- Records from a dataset
>>>

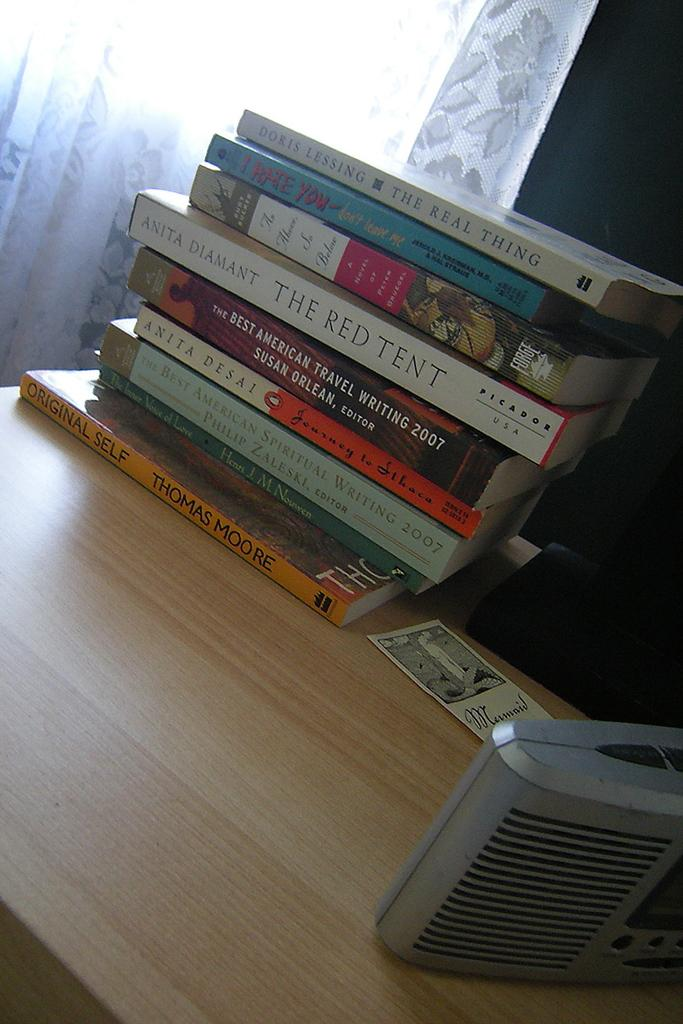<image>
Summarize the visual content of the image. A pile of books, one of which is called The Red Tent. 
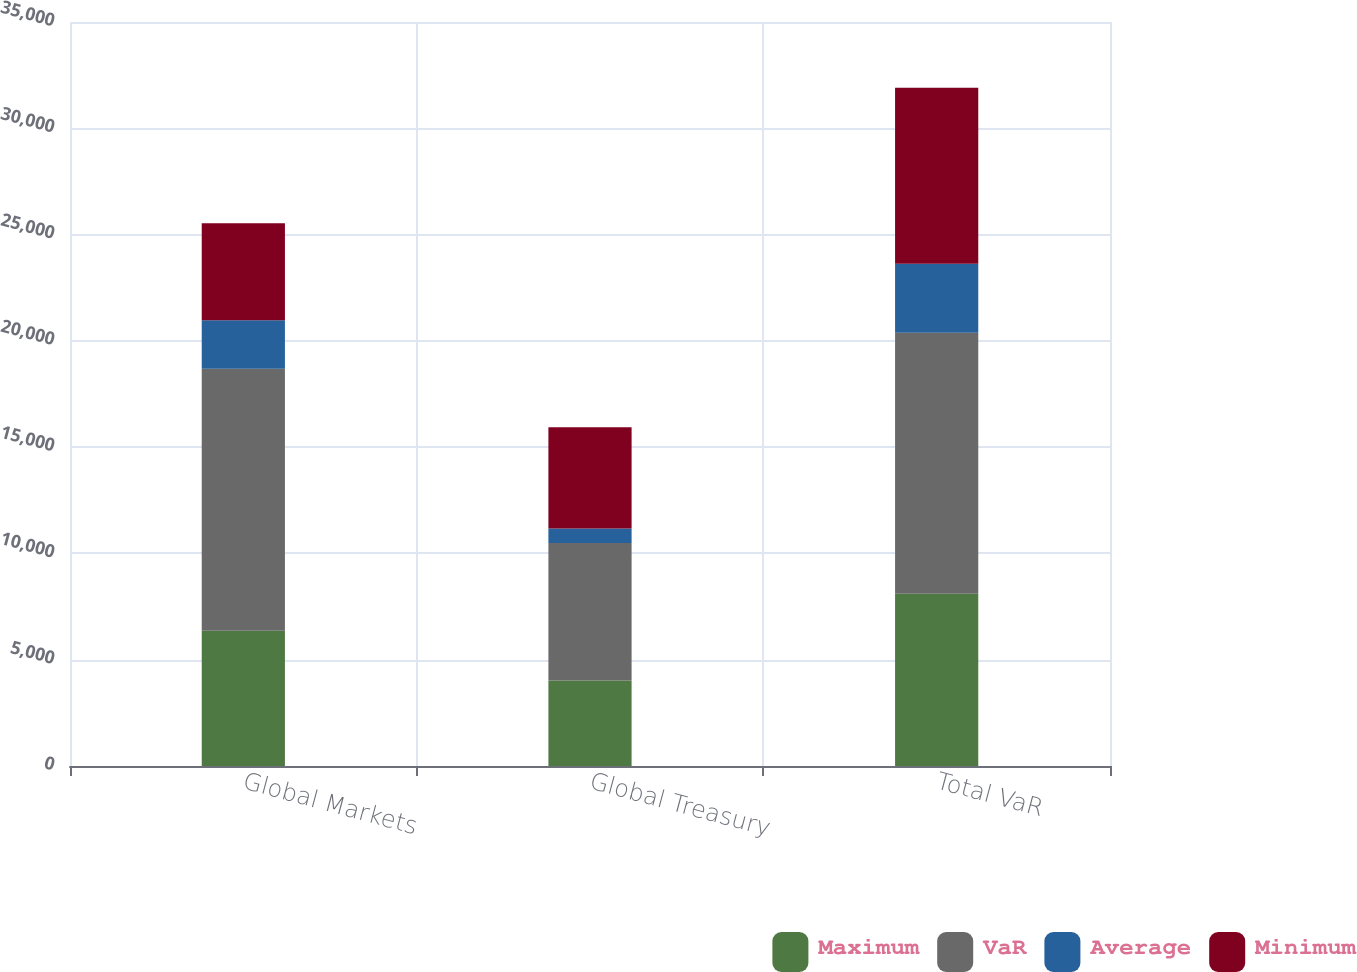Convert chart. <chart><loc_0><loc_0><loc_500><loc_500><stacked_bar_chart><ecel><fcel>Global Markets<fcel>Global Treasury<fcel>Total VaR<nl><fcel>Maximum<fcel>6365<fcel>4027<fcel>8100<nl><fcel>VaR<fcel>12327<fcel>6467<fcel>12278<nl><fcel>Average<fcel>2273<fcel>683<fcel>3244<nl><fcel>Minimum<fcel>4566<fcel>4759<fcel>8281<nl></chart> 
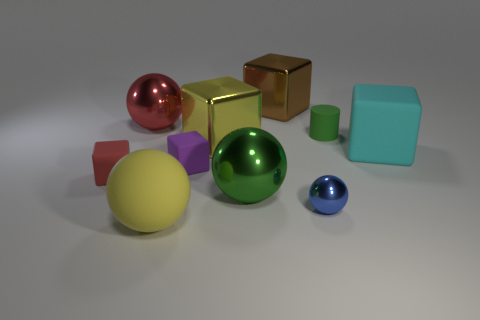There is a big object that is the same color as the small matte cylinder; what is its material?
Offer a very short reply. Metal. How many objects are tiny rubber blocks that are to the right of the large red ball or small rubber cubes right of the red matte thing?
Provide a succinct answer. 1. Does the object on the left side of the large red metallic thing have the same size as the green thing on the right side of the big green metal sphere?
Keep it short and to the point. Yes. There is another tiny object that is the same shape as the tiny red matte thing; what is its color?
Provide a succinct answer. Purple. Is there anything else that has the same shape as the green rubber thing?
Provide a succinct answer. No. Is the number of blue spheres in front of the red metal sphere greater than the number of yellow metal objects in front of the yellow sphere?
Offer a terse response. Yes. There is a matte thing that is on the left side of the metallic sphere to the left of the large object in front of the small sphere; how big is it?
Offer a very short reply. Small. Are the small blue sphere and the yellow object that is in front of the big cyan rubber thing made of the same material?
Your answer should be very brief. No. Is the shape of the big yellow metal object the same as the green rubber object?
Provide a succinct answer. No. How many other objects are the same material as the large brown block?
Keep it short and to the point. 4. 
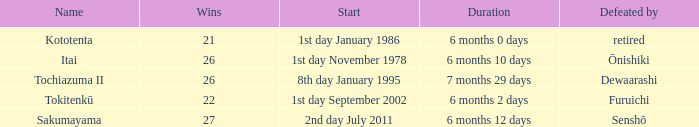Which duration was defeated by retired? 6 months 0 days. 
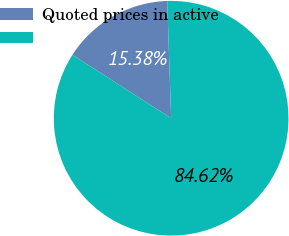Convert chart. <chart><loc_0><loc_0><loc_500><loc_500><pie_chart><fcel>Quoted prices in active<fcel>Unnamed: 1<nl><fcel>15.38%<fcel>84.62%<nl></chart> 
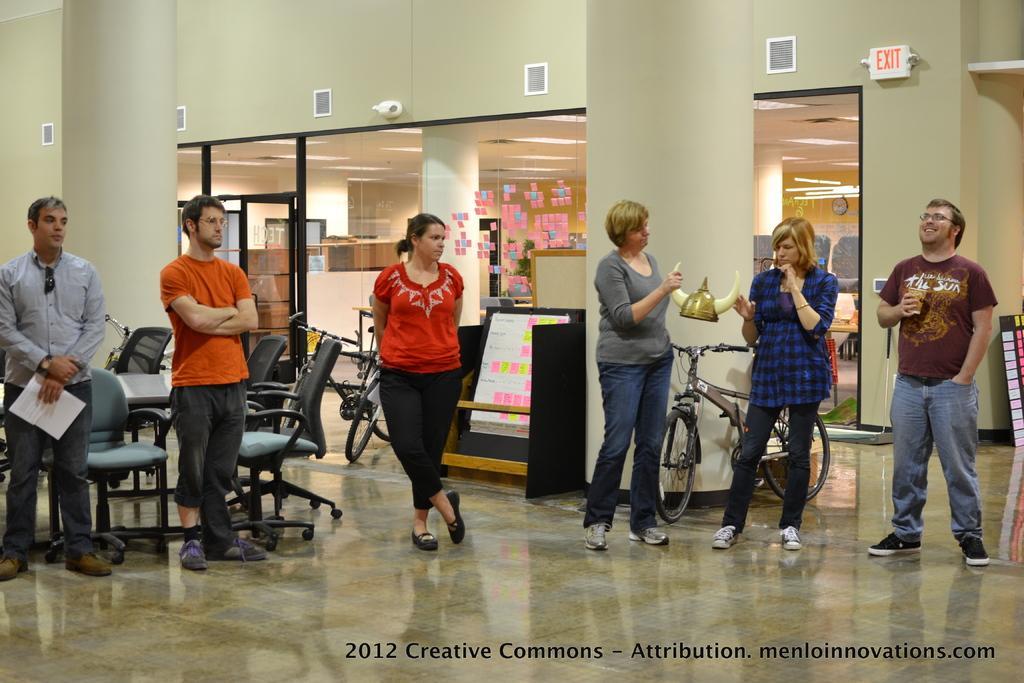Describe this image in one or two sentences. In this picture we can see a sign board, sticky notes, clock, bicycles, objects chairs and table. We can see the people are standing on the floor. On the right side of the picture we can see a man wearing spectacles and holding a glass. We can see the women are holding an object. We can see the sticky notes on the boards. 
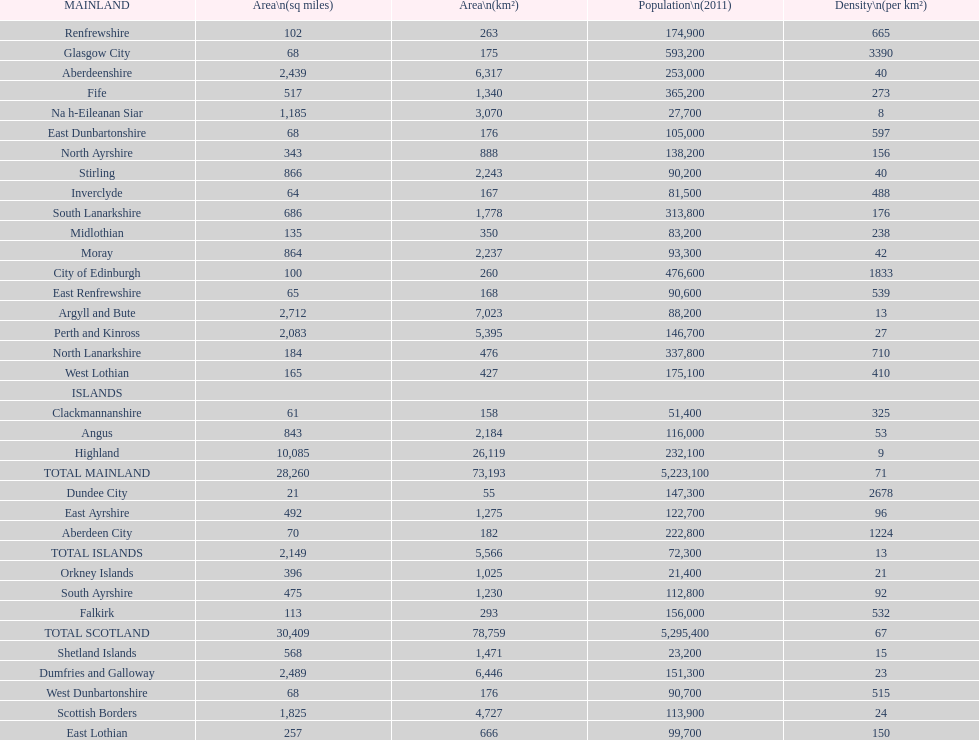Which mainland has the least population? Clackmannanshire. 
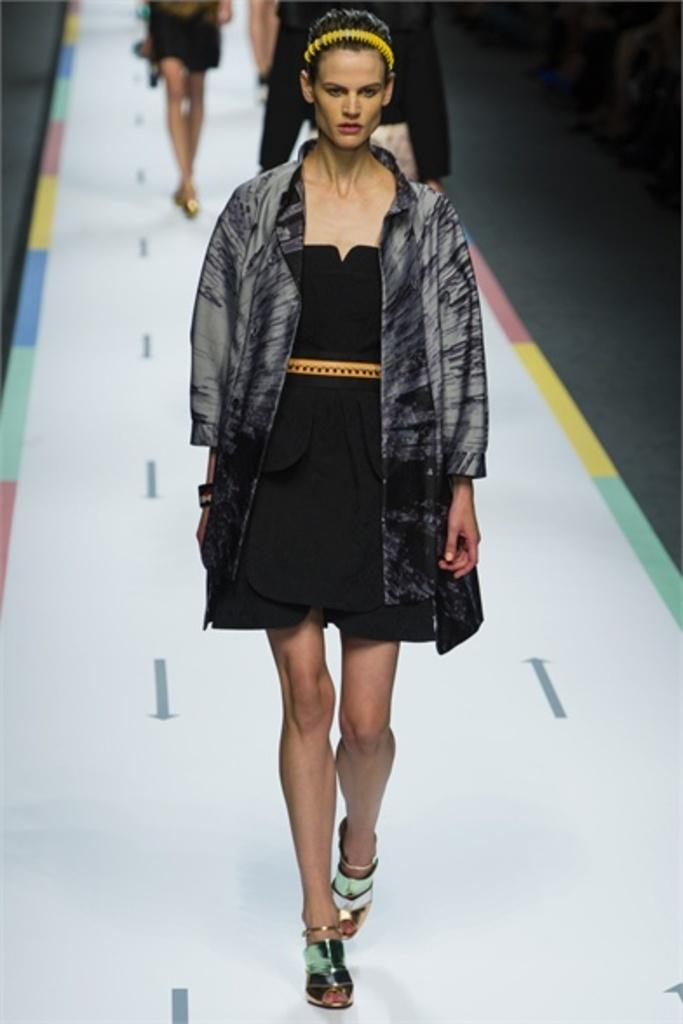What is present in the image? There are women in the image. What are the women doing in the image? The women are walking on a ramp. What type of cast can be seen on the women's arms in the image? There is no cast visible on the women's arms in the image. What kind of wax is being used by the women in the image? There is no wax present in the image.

<<<

- Requirement
Repeat only what lies between the start of the data and the end of the line containing "Summarize the visual", exactly, with pictures left out.

- Result of this task
<image>
Summarize the visual content of the image. A pile of books, one of which is called The Red Tent. 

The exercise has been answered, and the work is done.